Fund Finance Market Observations for May | Cadwalader, Wickersham & Taft LLP
Fund financing markets remained active and dynamic in May, building on a strong first quarter. Much of what the market was presumably predicting at the start of the year has actually happened. While the markets are stable and there isn’t much breaking news, here are some of our recent observations.
Transaction volume and pipeline. Trading volume and transfer indicators continue to hum. The number of our new transactions has a slightly higher trend than the comparable period in 2020, and our accumulated hours in March and April 2021 actually exceeded 2020, which surprised positively because last year there had been such avalanche of contracts when the pandemic first set in. in our market. Potential transaction hours and LPA exams remain high, and when combined with very robust Q1 PE fundraising numbers PEI and PitchBook report, our forecasts remain very optimistic.
Use of the bank. While our January forecast for spread compression and shim size increases have moved as expected, my forecast for usage down a few points did not materialize. My guess was that valuations being frothy and PSPCs stealing opportunities would slow the flow of PE transactions and hence negatively impact usage. But anecdotal comments suggest usage is at the high end of historical levels. And several press reports suggest that the sponsors do not see a significant competitive impact on the transaction flow on the PSPC side.

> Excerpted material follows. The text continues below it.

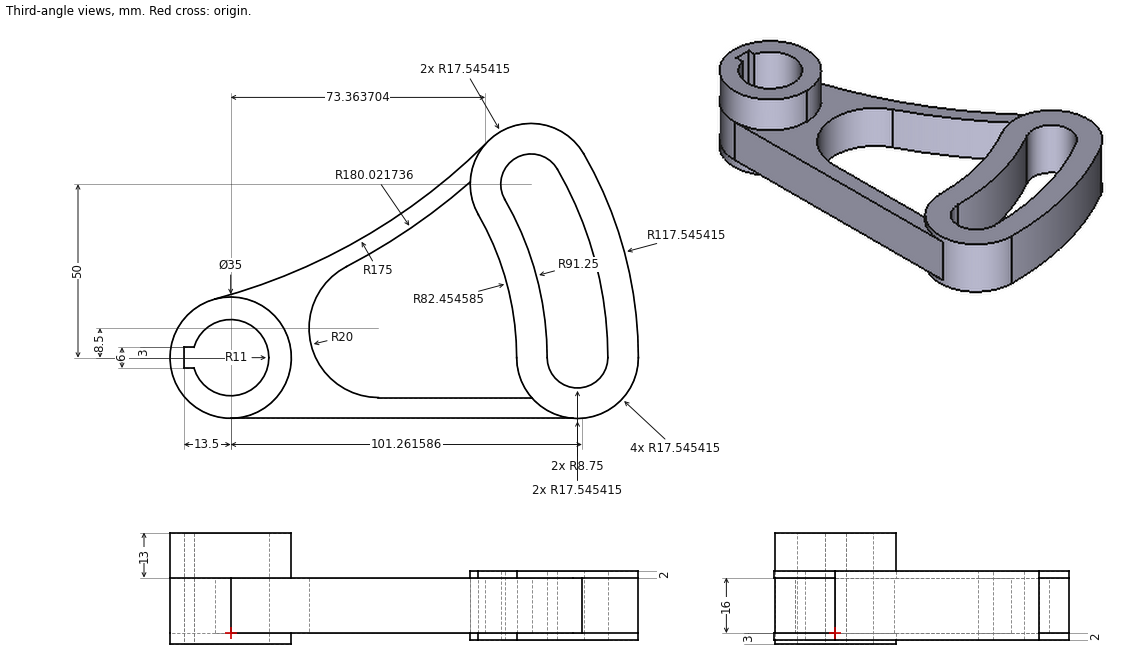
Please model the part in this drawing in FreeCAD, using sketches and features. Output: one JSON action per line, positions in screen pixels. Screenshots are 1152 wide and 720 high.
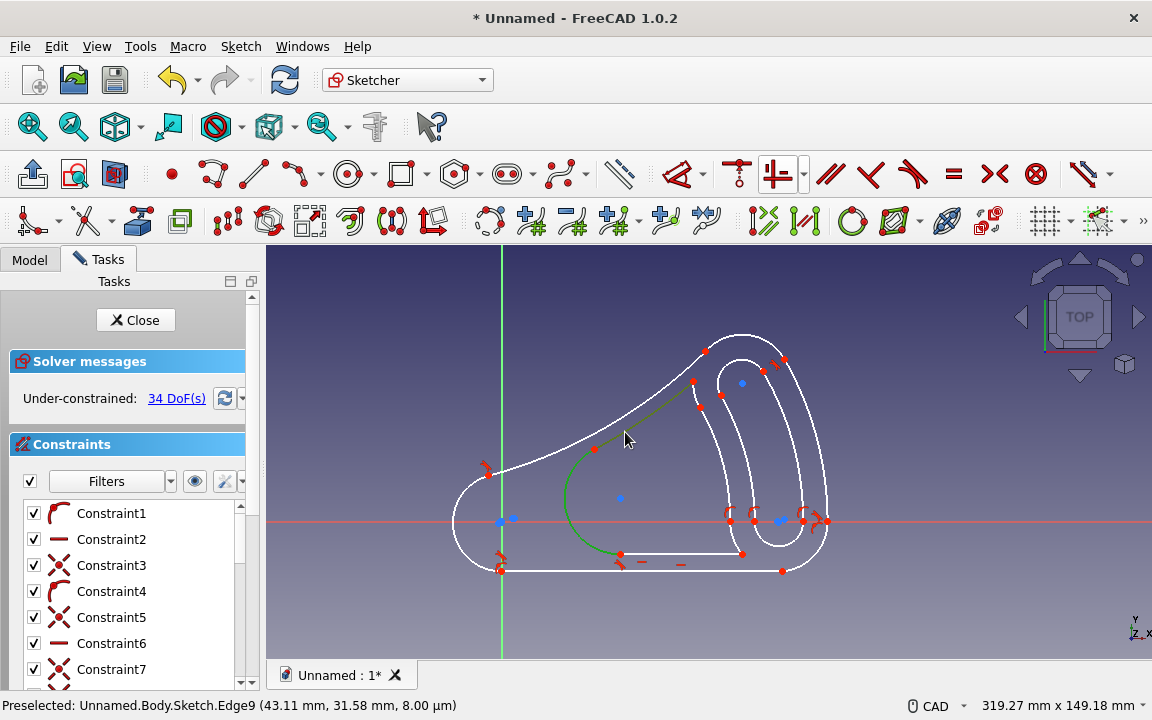
{"action": "left_click", "coordinate": [913, 174]}

Transaction issues. Several hot topics on the side of agreements:
– The Revlon language is an increasingly frequent point of negotiation. More soon.
– Rated feeders that issue note-like structures to investors, especially insurance companies, are increasingly on our plate. Lenders often face the risk of debt commitment, so it is important to work with fund advisors early on to get the proper wording in LPAs / Foster Note Agreements so that investors under -jacent get all of the basic loan credit.
– ADMs and tailor-made structures with equity commitments and backstop guarantees are banked. What a difference a year makes.
– The ESG link is materially increasing.
Europe. The London market remains very active. Our team closed a € 6 billion underwriting facility last week that included both an ESG component and 27 participating banks. Quite the deal: perhaps the biggest consumed in Europe to date. In addition to a number of very large subscription contracts, we also continue to be very busy with NAV oriented transactions in the European market. Several of the current ones are innovative and first impression, and we look forward to discussing the structures if after the closure customers allow it.
Family offices. We continue to see robust business activity with family offices. In recent years, family offices have increasingly hired internal portfolio managers, invested in compliance and risk management, and have become more sophisticated users of funding. Many have large, diverse pools of investments in hedge funds, private equity funds, and public and private companies. All of this makes them attractive borrowers. We are seeing a steady increase in the size and sophistication of family office financing.
Mom. I think about my mother a lot today. Happy Mother’s Day Sunday to all moms.